One of the youngest runners, Kevin Stotler, 12, of Florence (44:53.12) hoped the hilly course would serve as good training for the Rock Canyon Half Marathon in Pueblo in December.

Gerald Romero, 41, of Colorado Springs, finished fourth in 33:15.17 and then ran across finish line again with friend Marta Podkul, 31, of Colorado Springs, who injured a muscle in her right leg earlier this week but decided to run anyway. She limped across the finish line to cheers from Romero and onlookers.

"It hurts a bit, but I made it," Podkul said. "I probably should have taken another day, but I felt good at the start. But this probably means I'll miss the Fall Series race tomorrow."

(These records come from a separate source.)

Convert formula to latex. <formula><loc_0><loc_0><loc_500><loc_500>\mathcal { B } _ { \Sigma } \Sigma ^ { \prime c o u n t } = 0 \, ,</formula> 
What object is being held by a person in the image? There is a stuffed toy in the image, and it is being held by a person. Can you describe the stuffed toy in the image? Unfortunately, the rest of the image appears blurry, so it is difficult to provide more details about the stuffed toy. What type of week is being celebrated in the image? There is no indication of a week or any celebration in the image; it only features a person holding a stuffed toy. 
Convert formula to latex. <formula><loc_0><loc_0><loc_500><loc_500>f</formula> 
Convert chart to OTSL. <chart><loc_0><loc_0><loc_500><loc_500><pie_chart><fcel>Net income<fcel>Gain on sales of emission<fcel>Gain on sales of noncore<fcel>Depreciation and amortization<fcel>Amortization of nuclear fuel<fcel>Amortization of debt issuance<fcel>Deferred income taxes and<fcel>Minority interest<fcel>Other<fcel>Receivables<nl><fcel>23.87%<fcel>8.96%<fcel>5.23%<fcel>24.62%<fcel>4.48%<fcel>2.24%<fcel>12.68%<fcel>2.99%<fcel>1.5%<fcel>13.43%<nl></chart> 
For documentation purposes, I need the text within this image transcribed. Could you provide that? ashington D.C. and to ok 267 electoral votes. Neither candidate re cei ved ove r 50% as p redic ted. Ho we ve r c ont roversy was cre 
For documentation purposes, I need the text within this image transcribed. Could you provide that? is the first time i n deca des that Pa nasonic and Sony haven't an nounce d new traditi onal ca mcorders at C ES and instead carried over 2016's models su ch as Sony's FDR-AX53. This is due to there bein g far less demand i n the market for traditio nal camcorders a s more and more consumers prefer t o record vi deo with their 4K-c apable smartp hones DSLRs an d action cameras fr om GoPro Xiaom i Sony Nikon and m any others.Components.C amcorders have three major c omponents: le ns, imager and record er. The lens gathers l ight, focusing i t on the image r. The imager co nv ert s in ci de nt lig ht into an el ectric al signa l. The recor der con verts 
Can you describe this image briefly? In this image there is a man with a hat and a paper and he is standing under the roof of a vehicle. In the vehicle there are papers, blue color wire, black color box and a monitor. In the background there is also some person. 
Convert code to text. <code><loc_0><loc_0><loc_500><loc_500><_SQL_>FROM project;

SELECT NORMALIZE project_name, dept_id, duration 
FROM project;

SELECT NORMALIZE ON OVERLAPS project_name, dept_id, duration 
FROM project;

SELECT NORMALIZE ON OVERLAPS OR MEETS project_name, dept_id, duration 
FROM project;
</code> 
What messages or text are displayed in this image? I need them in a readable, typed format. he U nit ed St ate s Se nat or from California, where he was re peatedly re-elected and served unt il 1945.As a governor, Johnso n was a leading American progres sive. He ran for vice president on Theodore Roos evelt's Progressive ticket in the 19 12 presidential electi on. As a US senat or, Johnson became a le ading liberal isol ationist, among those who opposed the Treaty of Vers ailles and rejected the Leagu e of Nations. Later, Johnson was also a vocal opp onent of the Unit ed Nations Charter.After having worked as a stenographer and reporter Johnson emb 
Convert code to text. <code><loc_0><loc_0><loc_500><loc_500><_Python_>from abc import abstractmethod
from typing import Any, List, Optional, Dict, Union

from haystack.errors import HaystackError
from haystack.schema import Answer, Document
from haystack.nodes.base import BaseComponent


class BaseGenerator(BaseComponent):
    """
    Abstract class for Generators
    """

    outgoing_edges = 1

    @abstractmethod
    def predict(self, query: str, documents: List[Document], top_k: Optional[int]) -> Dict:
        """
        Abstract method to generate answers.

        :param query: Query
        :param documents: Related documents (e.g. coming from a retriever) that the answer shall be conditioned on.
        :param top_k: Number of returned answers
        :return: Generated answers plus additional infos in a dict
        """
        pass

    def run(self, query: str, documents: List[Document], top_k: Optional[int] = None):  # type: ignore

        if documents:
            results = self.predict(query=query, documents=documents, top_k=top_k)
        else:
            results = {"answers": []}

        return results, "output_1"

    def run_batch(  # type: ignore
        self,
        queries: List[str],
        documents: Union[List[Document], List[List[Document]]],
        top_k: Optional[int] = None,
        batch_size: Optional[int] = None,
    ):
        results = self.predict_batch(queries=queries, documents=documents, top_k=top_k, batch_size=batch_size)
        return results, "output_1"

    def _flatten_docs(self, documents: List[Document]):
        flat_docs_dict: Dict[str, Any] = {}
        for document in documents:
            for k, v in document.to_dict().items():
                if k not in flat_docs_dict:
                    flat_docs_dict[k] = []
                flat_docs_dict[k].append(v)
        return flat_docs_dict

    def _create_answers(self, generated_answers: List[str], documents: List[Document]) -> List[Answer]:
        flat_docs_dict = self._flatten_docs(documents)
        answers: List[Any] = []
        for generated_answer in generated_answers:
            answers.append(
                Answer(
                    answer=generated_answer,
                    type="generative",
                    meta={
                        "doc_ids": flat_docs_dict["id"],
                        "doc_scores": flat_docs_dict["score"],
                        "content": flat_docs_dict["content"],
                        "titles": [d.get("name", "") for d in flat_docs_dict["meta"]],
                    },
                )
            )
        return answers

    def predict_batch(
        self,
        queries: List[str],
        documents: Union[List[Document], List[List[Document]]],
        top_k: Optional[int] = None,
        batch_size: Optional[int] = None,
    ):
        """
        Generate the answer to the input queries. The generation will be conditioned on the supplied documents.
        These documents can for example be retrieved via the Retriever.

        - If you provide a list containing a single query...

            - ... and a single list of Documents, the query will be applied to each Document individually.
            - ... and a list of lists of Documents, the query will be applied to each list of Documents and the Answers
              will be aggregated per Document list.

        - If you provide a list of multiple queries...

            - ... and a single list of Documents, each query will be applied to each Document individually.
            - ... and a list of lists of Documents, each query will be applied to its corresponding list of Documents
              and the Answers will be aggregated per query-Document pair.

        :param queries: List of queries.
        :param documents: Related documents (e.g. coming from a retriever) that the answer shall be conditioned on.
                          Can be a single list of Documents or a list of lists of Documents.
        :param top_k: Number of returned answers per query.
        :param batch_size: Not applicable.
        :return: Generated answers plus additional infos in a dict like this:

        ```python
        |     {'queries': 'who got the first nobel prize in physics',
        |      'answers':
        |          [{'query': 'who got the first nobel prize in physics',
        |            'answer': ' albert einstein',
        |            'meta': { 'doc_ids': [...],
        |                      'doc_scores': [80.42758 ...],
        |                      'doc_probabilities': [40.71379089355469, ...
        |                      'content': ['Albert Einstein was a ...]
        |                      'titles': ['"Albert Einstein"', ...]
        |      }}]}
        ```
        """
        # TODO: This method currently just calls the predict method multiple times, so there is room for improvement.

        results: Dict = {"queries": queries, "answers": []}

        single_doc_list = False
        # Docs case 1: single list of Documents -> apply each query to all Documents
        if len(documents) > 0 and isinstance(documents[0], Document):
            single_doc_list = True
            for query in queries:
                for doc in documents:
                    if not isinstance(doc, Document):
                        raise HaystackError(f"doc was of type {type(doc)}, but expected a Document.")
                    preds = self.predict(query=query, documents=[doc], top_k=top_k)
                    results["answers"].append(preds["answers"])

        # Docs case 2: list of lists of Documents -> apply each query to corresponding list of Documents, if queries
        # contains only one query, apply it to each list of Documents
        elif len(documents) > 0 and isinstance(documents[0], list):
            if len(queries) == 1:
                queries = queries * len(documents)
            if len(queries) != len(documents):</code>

There were plenty of familiar faces among the top 20 racers, including Andy Rinner (fifth), Brad Poppele (eighth), Jon Teisher (11th), Tim Allison (14th), Rick Shoulberg (15th), Kim Baugh (17th) and Lisa Goldsmith (19th).

The runners' swag bags included long-sleeve race T-shirts, a pack of cards, a book about local history, and a coupon for a bit of gambling in Cripple Creek. The top three men and women received gold nuggets (first place runners, $500 worth) and trophies made from core samples from the mines. The top winners in various age categories also received core sample trophies and unique local ore samples.

The Brass Ass Casino set up a large tent for the race party, complete with beer wagon and live music, set to continue well into the night.